A century could do wonders to one’s perception. Angelus had only been with them for two decades before he got himself all souled up and rat-happy. From there, it had been easy street. Killing and fucking all the livelong day. Getting into messes only to assuredly get out of them. Prague presented the first problem that he couldn’t readily talk himself out of, but once they escaped, he hadn’t worried too much. True, he had spent his every waking minute hunting for the cure to his beloved’s ailment, but there wasn’t much worrying involved. Just tedious research and nonstop wanking, seeing as Drusilla was in no condition to readily solve his sexual urges every time he got them.

Falling in love with Buffy had turned his world upside down in more than the obvious ways. For days, he had tormented himself with thoughts of her. Debated once even taking a drill to his head as to bore the seemingly random affection out of his head. Never his heart, of course, because it wasn’t really there—and he had never been wholly serious, even if he had taken comfort in that. At very first.
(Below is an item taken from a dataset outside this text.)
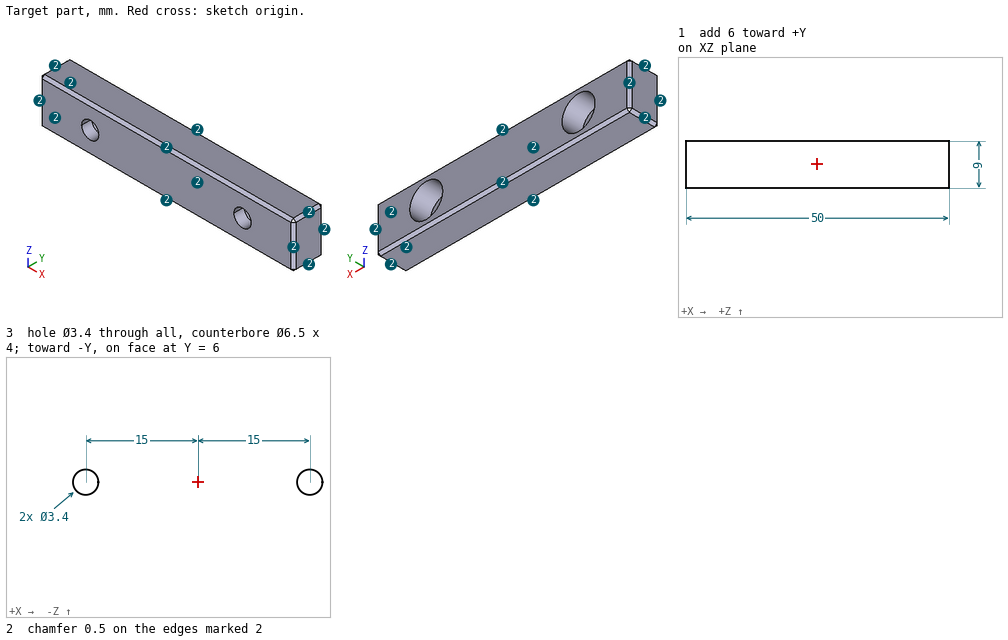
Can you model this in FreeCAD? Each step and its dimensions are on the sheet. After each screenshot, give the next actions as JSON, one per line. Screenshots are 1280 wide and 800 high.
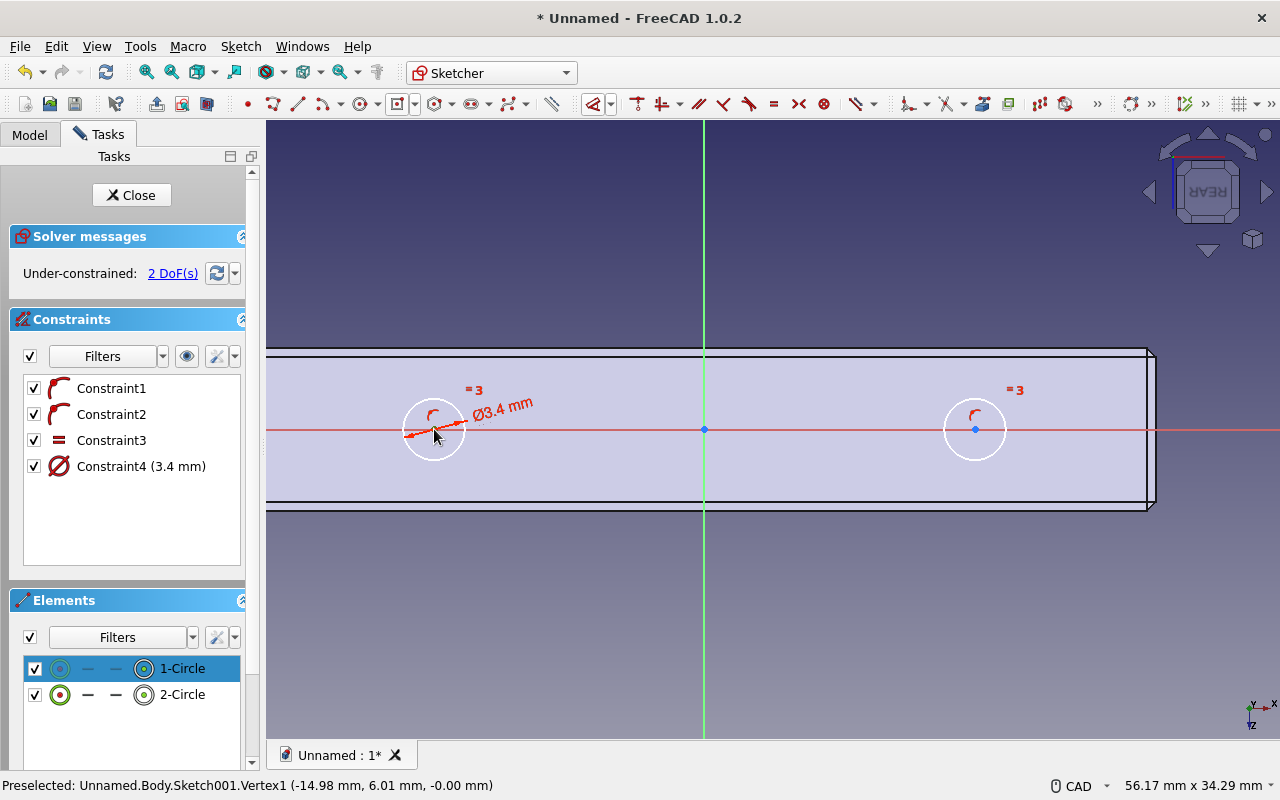
{"action": "left_click", "coordinate": [610, 104]}

Until it became abundantly clear that he was indeed in love with her, and so helpless was his case that he had remained blind to it even as it had obviously been there since their general acquaintance.

After admitting his impossible feelings to himself—and similarly after surpassing the phase where he bumbled stupidly outside her house, debating and fighting the urge to storm in like a madman and demand she hand over his unlife, please—Spike had experienced something a century could not have prepared him for. All out concern. The knowledge that Slayers were creatures of a limited lifespan. That she had already surpassed her due date. And yes, she was the best of the best. She was fucking poetry itself, but even that failed to comfort. So he watched her. And loved her; worried himself a little more dead each day that his own words would come to pass. That some grizzly night thing would have itself one good day, and she would be taken from him forever.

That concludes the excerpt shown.